Could you copy every record below exactly, leaving out the pictures?
BEGIN Data for review
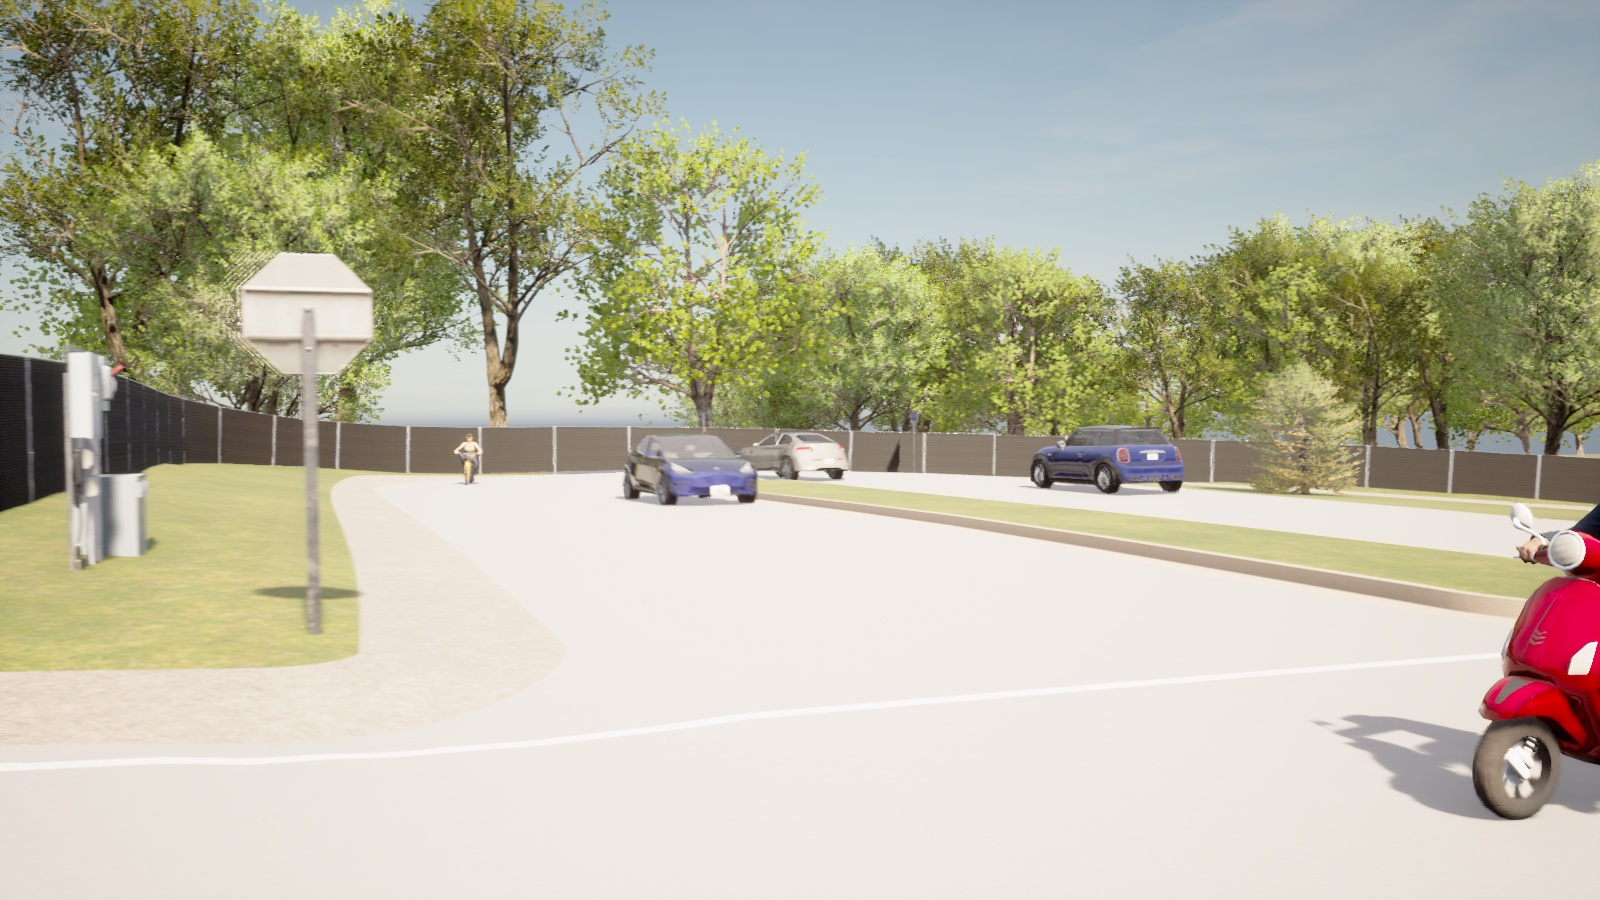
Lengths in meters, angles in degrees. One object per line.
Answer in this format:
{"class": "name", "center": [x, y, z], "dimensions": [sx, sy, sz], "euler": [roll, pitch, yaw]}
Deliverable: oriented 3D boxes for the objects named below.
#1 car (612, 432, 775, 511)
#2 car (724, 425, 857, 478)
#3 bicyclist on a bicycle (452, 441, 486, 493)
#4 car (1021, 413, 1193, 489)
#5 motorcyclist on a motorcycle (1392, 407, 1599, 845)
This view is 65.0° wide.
{"class": "car", "center": [-2.411, 0.424, 27.035], "dimensions": [2.163, 1.488, 4.792], "euler": [-2, 0, -21]}
{"class": "car", "center": [-0.398, 0.038, 43.206], "dimensions": [2.152, 1.651, 5.027], "euler": [-2, 1, -33]}
{"class": "bicyclist on a bicycle", "center": [-10.332, 0.513, 39.230], "dimensions": [0.866, 1.612, 1.509], "euler": [0, 1, -8]}
{"class": "car", "center": [7.818, -0.015, 32.458], "dimensions": [2.097, 1.767, 4.553], "euler": [-2, 1, -20]}
{"class": "motorcyclist on a motorcycle", "center": [3.528, 0.611, 5.267], "dimensions": [1.817, 1.590, 0.866], "euler": [-1, 2, -21]}
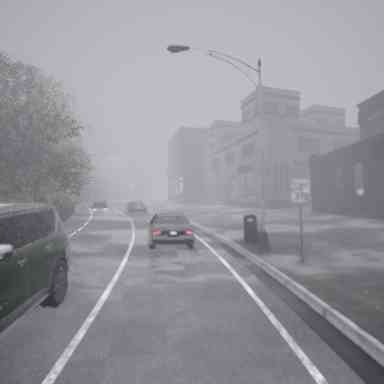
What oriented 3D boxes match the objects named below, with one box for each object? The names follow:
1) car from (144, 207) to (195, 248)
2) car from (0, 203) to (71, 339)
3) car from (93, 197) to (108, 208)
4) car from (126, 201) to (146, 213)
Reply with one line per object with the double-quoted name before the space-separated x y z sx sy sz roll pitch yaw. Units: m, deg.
"car" -1.031 1.602 14.980 2.033 1.411 5.357 1 0 -8
"car" -3.577 1.233 5.009 2.150 2.045 5.566 0 0 -3
"car" -13.057 1.448 47.337 1.882 1.535 5.008 2 0 -18
"car" -6.384 1.666 37.956 1.994 1.385 4.181 2 0 -17
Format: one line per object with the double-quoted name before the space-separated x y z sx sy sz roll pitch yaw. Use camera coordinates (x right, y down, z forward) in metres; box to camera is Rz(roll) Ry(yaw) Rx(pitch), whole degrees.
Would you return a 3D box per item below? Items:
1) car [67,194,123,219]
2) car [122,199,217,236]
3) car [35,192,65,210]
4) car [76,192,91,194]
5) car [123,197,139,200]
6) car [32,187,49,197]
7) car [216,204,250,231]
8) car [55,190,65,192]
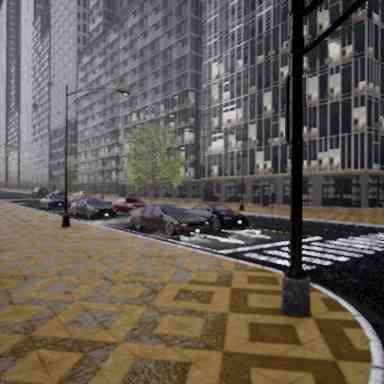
"car" -7.594 1.162 25.332 2.033 1.411 5.357 0 1 -38
"car" -1.372 1.350 17.408 2.033 1.411 5.357 0 1 -38
"car" -13.808 0.990 33.277 1.994 1.385 4.181 0 1 -38
"car" -11.437 0.986 35.520 2.033 1.411 5.357 0 1 -38
"car" -5.017 1.159 27.312 1.812 1.442 4.674 0 1 -38
"car" -28.900 0.058 63.472 2.150 2.045 5.566 0 1 -38
"car" 1.317 1.389 19.246 1.994 1.385 4.181 0 1 -38
"car" -25.777 0.377 64.749 1.837 1.490 4.892 0 1 -38
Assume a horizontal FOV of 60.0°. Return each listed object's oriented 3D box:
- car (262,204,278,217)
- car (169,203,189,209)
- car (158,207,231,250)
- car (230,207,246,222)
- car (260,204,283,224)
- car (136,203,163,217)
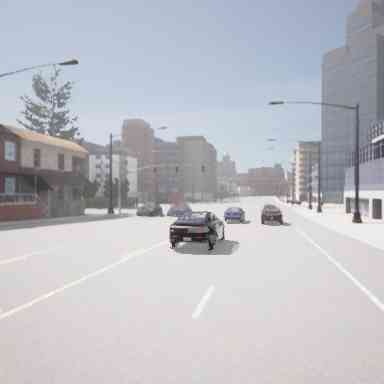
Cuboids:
[{"bbox_3d":[9.956,2.343,42.672,1.837,1.490,4.892,0,-1,12],"label":"car"},{"bbox_3d":[-1.479,2.093,40.024,2.097,1.767,4.553,0,-1,12],"label":"car"},{"bbox_3d":[0.348,1.628,15.077,2.128,1.511,4.902,0,-1,12],"label":"car"},{"bbox_3d":[4.180,2.182,32.645,2.033,1.411,5.357,0,-1,12],"label":"car"},{"bbox_3d":[7.315,2.101,30.590,2.128,1.511,4.902,0,-1,12],"label":"car"},{"bbox_3d":[-5.055,2.075,40.093,2.097,1.767,4.553,0,-1,13],"label":"car"}]
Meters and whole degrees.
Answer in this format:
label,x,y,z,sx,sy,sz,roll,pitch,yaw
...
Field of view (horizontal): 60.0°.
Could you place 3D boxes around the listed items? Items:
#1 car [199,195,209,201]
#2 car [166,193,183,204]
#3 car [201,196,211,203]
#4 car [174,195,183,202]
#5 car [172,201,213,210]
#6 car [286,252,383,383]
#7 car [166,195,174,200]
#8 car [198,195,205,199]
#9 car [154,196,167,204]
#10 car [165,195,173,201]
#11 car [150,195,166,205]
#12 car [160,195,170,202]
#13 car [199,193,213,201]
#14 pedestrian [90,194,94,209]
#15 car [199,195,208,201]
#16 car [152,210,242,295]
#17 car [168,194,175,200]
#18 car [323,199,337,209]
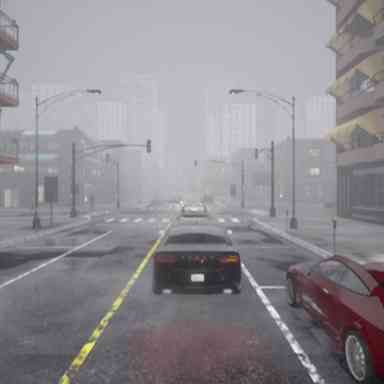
label,x,y,z,sx,sy,sz,roll,pitch,yaw
car,2.729,1.385,76.332,1.947,1.339,4.313,0,0,0
car,-3.033,1.398,57.921,2.033,1.411,5.357,0,0,0
car,2.723,1.403,65.281,1.947,1.339,4.313,0,0,0
car,-2.964,1.349,73.398,1.812,1.442,4.674,0,0,0
car,0.110,1.438,17.912,2.128,1.511,4.902,0,0,0
car,2.694,1.566,5.003,1.802,1.307,4.206,0,0,0
car,-5.646,1.388,87.385,1.802,1.307,4.206,0,0,0
car,2.737,1.381,92.906,1.802,1.307,4.206,0,0,0
car,-5.660,1.414,59.759,1.947,1.339,4.313,0,0,0
car,-5.649,1.394,81.861,1.802,1.307,4.206,0,0,0
car,-5.750,1.403,54.237,1.887,1.381,4.507,0,0,0
car,-5.654,1.354,70.640,1.752,1.417,4.829,0,0,0
car,2.721,1.162,59.754,2.192,1.841,5.009,0,0,0
pedestrian,-12.491,1.171,41.497,0.375,1.860,0.375,0,1,0
car,2.731,1.363,81.857,2.008,1.369,4.403,0,0,0
car,0.104,1.450,8.711,1.882,1.535,5.008,0,0,0
car,-5.644,1.325,92.740,1.752,1.417,4.829,0,0,0
car,17.507,1.246,38.546,4.313,1.339,1.947,-1,1,0
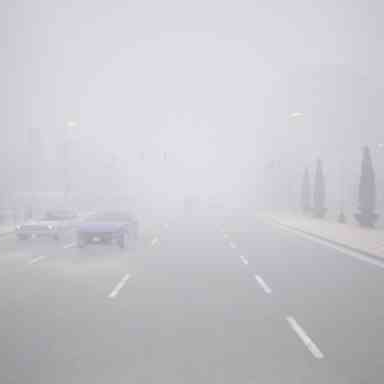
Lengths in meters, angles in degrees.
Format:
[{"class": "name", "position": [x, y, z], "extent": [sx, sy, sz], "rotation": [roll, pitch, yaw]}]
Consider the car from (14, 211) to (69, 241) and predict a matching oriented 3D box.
[{"class": "car", "position": [-7.041, 1.650, 17.032], "extent": [1.895, 1.301, 4.718], "rotation": [0, 0, 1]}]

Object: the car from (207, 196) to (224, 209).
[{"class": "car", "position": [3.509, 1.679, 47.679], "extent": [1.812, 1.442, 4.674], "rotation": [0, 0, 0]}]

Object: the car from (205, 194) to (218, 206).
[{"class": "car", "position": [3.512, 1.399, 57.707], "extent": [2.150, 2.045, 5.566], "rotation": [0, 0, 0]}]

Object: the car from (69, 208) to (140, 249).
[{"class": "car", "position": [-3.556, 1.521, 14.939], "extent": [1.882, 1.535, 5.008], "rotation": [0, -1, 0]}]

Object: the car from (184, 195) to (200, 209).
[{"class": "car", "position": [0.008, 1.381, 47.294], "extent": [2.150, 2.045, 5.566], "rotation": [0, 0, 0]}]
END Data for review
Written reply –
Lengths in meters, angles in degrees. One object per line.
Answer in this format:
{"class": "name", "center": [x, y, z], "dimensions": [sx, sy, sz], "euler": [roll, pitch, yaw]}
Deliverable: oriented 3D boxes for the objects named below.
#1 car (612, 432, 775, 511)
#2 car (724, 425, 857, 478)
#3 bicyclist on a bicycle (452, 441, 486, 493)
#4 car (1021, 413, 1193, 489)
#5 motorcyclist on a motorcycle (1392, 407, 1599, 845)
This view is 65.0° wide.
{"class": "car", "center": [-2.411, 0.424, 27.035], "dimensions": [2.163, 1.488, 4.792], "euler": [-2, 0, -21]}
{"class": "car", "center": [-0.398, 0.038, 43.206], "dimensions": [2.152, 1.651, 5.027], "euler": [-2, 1, -33]}
{"class": "bicyclist on a bicycle", "center": [-10.332, 0.513, 39.230], "dimensions": [0.866, 1.612, 1.509], "euler": [0, 1, -8]}
{"class": "car", "center": [7.818, -0.015, 32.458], "dimensions": [2.097, 1.767, 4.553], "euler": [-2, 1, -20]}
{"class": "motorcyclist on a motorcycle", "center": [3.528, 0.611, 5.267], "dimensions": [1.817, 1.590, 0.866], "euler": [-1, 2, -21]}
What oriented 3D boxes match the objects named below, with one box for each object? The names follow:
1) car from (144, 207) to (195, 248)
2) car from (0, 203) to (71, 339)
3) car from (93, 197) to (108, 208)
4) car from (126, 201) to (146, 213)
Reply with one line per object with the double-quoted name before the space-separated x y z sx sy sz roll pitch yaw. Units: m, deg.
"car" -1.031 1.602 14.980 2.033 1.411 5.357 1 0 -8
"car" -3.577 1.233 5.009 2.150 2.045 5.566 0 0 -3
"car" -13.057 1.448 47.337 1.882 1.535 5.008 2 0 -18
"car" -6.384 1.666 37.956 1.994 1.385 4.181 2 0 -17
Format: one line per object with the double-quoted name before the space-separated x y z sx sy sz roll pitch yaw. Use camera coordinates (x right, y down, z forward) in metres; box to camera is Rz(roll) Ry(yaw) Rx(pitch), whole degrees.
Would you return a 3D box per item below? Items:
1) car [67,194,123,219]
2) car [122,199,217,236]
3) car [35,192,65,210]
4) car [76,192,91,194]
5) car [123,197,139,200]
6) car [32,187,49,197]
7) car [216,204,250,231]
8) car [55,190,65,192]
"car" -7.594 1.162 25.332 2.033 1.411 5.357 0 1 -38
"car" -1.372 1.350 17.408 2.033 1.411 5.357 0 1 -38
"car" -13.808 0.990 33.277 1.994 1.385 4.181 0 1 -38
"car" -11.437 0.986 35.520 2.033 1.411 5.357 0 1 -38
"car" -5.017 1.159 27.312 1.812 1.442 4.674 0 1 -38
"car" -28.900 0.058 63.472 2.150 2.045 5.566 0 1 -38
"car" 1.317 1.389 19.246 1.994 1.385 4.181 0 1 -38
"car" -25.777 0.377 64.749 1.837 1.490 4.892 0 1 -38
Assume a horizontal FOV of 60.0°. Return each listed object's oriented 3D box:
- car (262,204,278,217)
- car (169,203,189,209)
- car (158,207,231,250)
- car (230,207,246,222)
- car (260,204,283,224)
- car (136,203,163,217)
Cuboids:
[{"bbox_3d":[9.956,2.343,42.672,1.837,1.490,4.892,0,-1,12],"label":"car"},{"bbox_3d":[-1.479,2.093,40.024,2.097,1.767,4.553,0,-1,12],"label":"car"},{"bbox_3d":[0.348,1.628,15.077,2.128,1.511,4.902,0,-1,12],"label":"car"},{"bbox_3d":[4.180,2.182,32.645,2.033,1.411,5.357,0,-1,12],"label":"car"},{"bbox_3d":[7.315,2.101,30.590,2.128,1.511,4.902,0,-1,12],"label":"car"},{"bbox_3d":[-5.055,2.075,40.093,2.097,1.767,4.553,0,-1,13],"label":"car"}]
Meters and whole degrees.
Answer in this format:
label,x,y,z,sx,sy,sz,roll,pitch,yaw
...
Field of view (horizontal): 60.0°.
Could you place 3D boxes around the listed items? Items:
#1 car [199,195,209,201]
#2 car [166,193,183,204]
#3 car [201,196,211,203]
#4 car [174,195,183,202]
#5 car [172,201,213,210]
#6 car [286,252,383,383]
#7 car [166,195,174,200]
#8 car [198,195,205,199]
#9 car [154,196,167,204]
#10 car [165,195,173,201]
#11 car [150,195,166,205]
#12 car [160,195,170,202]
#13 car [199,193,213,201]
#14 pedestrian [90,194,94,209]
#15 car [199,195,208,201]
#16 car [152,210,242,295]
#17 car [168,194,175,200]
#18 car [323,199,337,209]
label,x,y,z,sx,sy,sz,roll,pitch,yaw
car,2.729,1.385,76.332,1.947,1.339,4.313,0,0,0
car,-3.033,1.398,57.921,2.033,1.411,5.357,0,0,0
car,2.723,1.403,65.281,1.947,1.339,4.313,0,0,0
car,-2.964,1.349,73.398,1.812,1.442,4.674,0,0,0
car,0.110,1.438,17.912,2.128,1.511,4.902,0,0,0
car,2.694,1.566,5.003,1.802,1.307,4.206,0,0,0
car,-5.646,1.388,87.385,1.802,1.307,4.206,0,0,0
car,2.737,1.381,92.906,1.802,1.307,4.206,0,0,0
car,-5.660,1.414,59.759,1.947,1.339,4.313,0,0,0
car,-5.649,1.394,81.861,1.802,1.307,4.206,0,0,0
car,-5.750,1.403,54.237,1.887,1.381,4.507,0,0,0
car,-5.654,1.354,70.640,1.752,1.417,4.829,0,0,0
car,2.721,1.162,59.754,2.192,1.841,5.009,0,0,0
pedestrian,-12.491,1.171,41.497,0.375,1.860,0.375,0,1,0
car,2.731,1.363,81.857,2.008,1.369,4.403,0,0,0
car,0.104,1.450,8.711,1.882,1.535,5.008,0,0,0
car,-5.644,1.325,92.740,1.752,1.417,4.829,0,0,0
car,17.507,1.246,38.546,4.313,1.339,1.947,-1,1,0
Lengths in meters, angles in degrees.
Format:
[{"class": "name", "position": [x, y, z], "extent": [sx, sy, sz], "rotation": [roll, pitch, yaw]}]
Consider the car from (14, 211) to (69, 241) and predict a matching oriented 3D box.
[{"class": "car", "position": [-7.041, 1.650, 17.032], "extent": [1.895, 1.301, 4.718], "rotation": [0, 0, 1]}]

Object: the car from (207, 196) to (224, 209).
[{"class": "car", "position": [3.509, 1.679, 47.679], "extent": [1.812, 1.442, 4.674], "rotation": [0, 0, 0]}]

Object: the car from (205, 194) to (218, 206).
[{"class": "car", "position": [3.512, 1.399, 57.707], "extent": [2.150, 2.045, 5.566], "rotation": [0, 0, 0]}]

Object: the car from (69, 208) to (140, 249).
[{"class": "car", "position": [-3.556, 1.521, 14.939], "extent": [1.882, 1.535, 5.008], "rotation": [0, -1, 0]}]

Object: the car from (184, 195) to (200, 209).
[{"class": "car", "position": [0.008, 1.381, 47.294], "extent": [2.150, 2.045, 5.566], "rotation": [0, 0, 0]}]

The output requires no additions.